Forecasting is a critical strategy in supply chain management and risk mitigation, and while this area of expertise has become a priority for more members of the C-suite, if the last year has taught corporates anything, it’s that the only thing certain is that nothing is certain.
That’s an important understanding for today’s business leaders, according to David Shillingford, CEO of newly-debuted Everstream Analytics, a company formed from the previous merger of Resilience360 and Riskpulse.
“The pandemic created enormous disruption and dislocation in global supply chains, and there is a lot of debate as to what lessons should be drawn from it,” he told PYMNTS in an interview. “On one side of the argument, it will never happen again. On the other side, it might not happen exactly this way, but something like it will happen again — and things like it are happening every day.”
Among the biggest impacts of the pandemic is that supply chain risk management is now a board-level discussion. Yet organizations continue to experiment and explore how exactly to evolve their risk management strategies.

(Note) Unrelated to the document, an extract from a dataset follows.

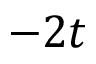Convert formula to latex. <formula><loc_0><loc_0><loc_500><loc_500>- 2 t</formula> 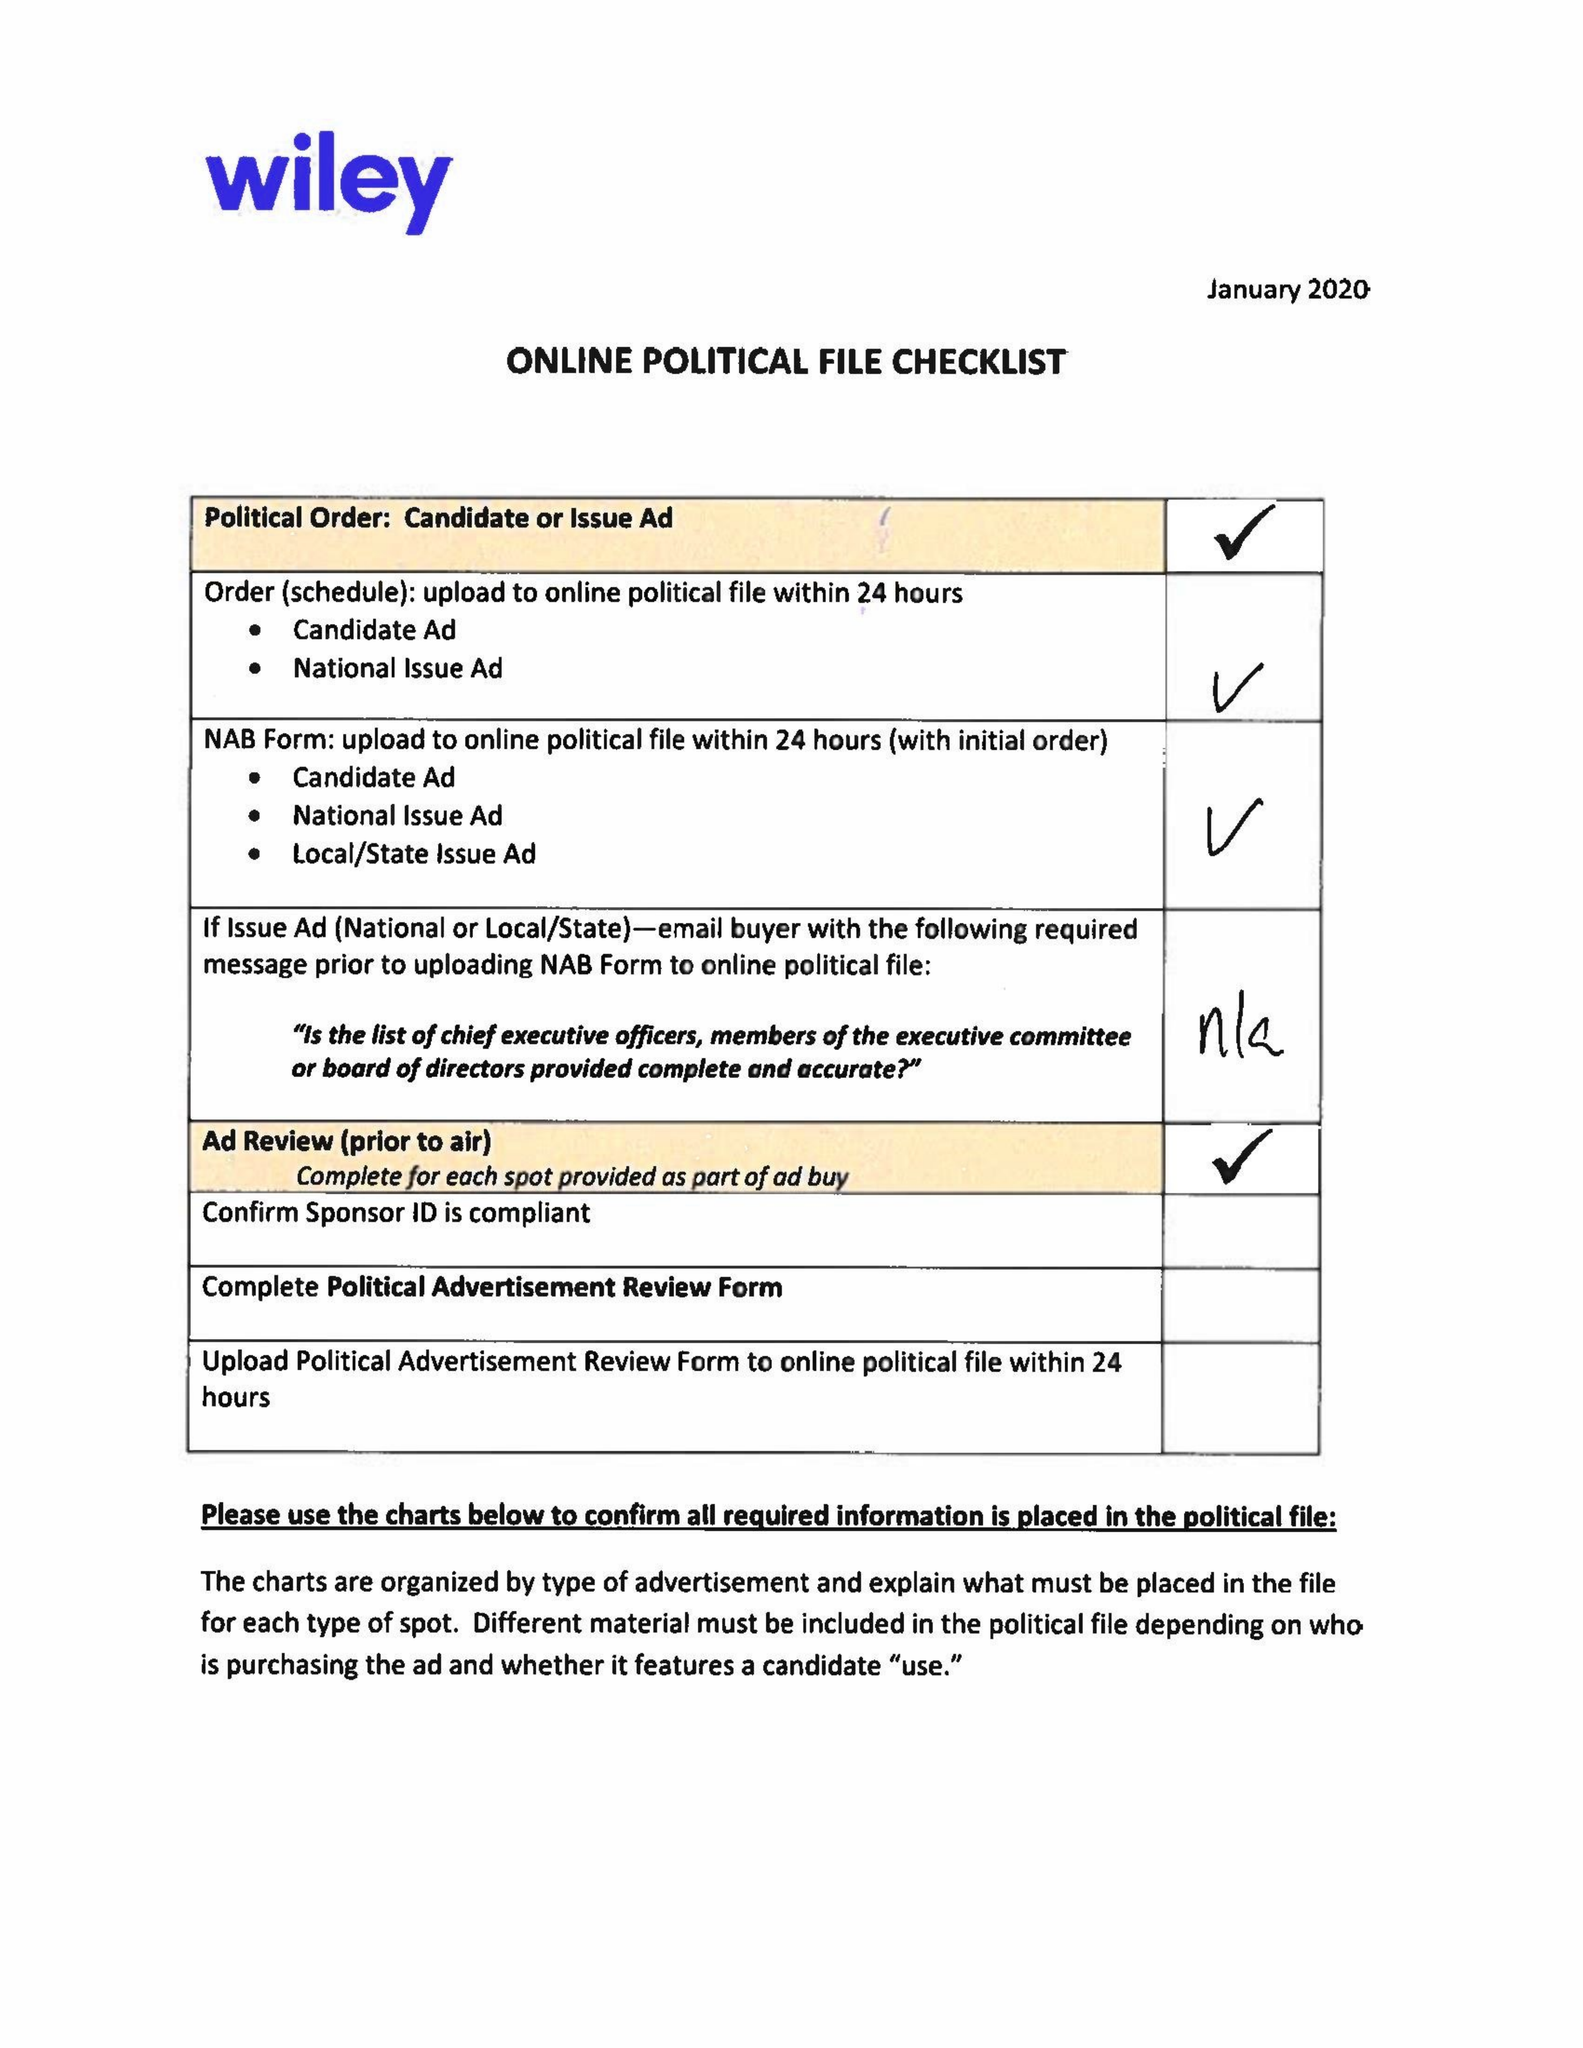What is the value for the gross_amount?
Answer the question using a single word or phrase. 12890.00

As Shillingford explained, there is a spectrum of approaches to mitigating risk that is nearly as vast as the risk landscape itself.
While much uncertainty remains, spurring a renewed focus not only on supply chain risk management but on what it should even look like, is a valuable mark of progress within the global market.
Driving A Holistic View
There are several other key developments that have emerged amid the ongoing pandemic beyond business leaders finally prioritizing supply chain risk strategies.
Another key trend is the emergence of leaders in their industry approaching this area of focus in a more holistic manner than it has been historically.
“By that, we mean looking at risk from an end-to-end standpoint,” explained Shillingford. “They’re thinking about it from sourcing, all the way through to product delivery and beyond, through the reverse supply chain.”
Increasingly, the concept of a “holistic” approach means driving visibility of the supply chain. Going further, he said, corporates are increasingly including risk as a part of that effort to boost transparency.
Take the payments piece of the supply chain puzzle. Risk in this area can stem from a variety of sources, from external cyberattacks to delayed payments from vendors. And while digitization can be key to enhancing automation and boosting visibility into transactions, if risk mitigation efforts are not approached holistically, they will be limited.
“The challenge is to digitize things end-to-end,” said Shillingford. “If your payments are digitized, but the actions on either side of them or in parallel with them are not digitized, then you’re missing a lot of opportunity.”
A Spectrum Of Strategy
While supply chain risk management strategies can be complex and multifaceted, there are two key characteristics of a successful program.
They include the ability for a company to predict risks ahead, and the capability to act with agility when unpredictable events occur.
In areas like finance and payments, this means securing a predictive view of the financial well-being and potential financial stresses along the supply chain. Taking more proactive measures to mitigate this threat has become even more crucial as a result of fast-paced volatility and the inability of traditional financial reporting cycles to present key information quickly and consistently enough.
“I can’t wait until the next cycle of a credit report,” said Shillingford. “Clients need to understand as early as possible if they have a supplier or business partner that’s suffering.”
Yet, as so many firms have learned over the last year, not everything is predictable, making it that much more important for an organization to be able to be flexible and resilient when a disruptive event occurs.
As Shillingford explained, being proactive and being reactive are not mutually exclusive. Rather, they exist along the same spectrum of supply chain risk management efforts and are equally important to an effective strategy.
Thanks to technologies like predictive analytics, businesses now have a wider opportunity to mitigate risk in the planning phase of supply chain operations. Likewise, they should also have backup plans in order to be able to respond quickly as the market ebbs and flows. Having both and bolstering each strategy through sophisticated, real-time analytics is a formula for a more robust supply chain.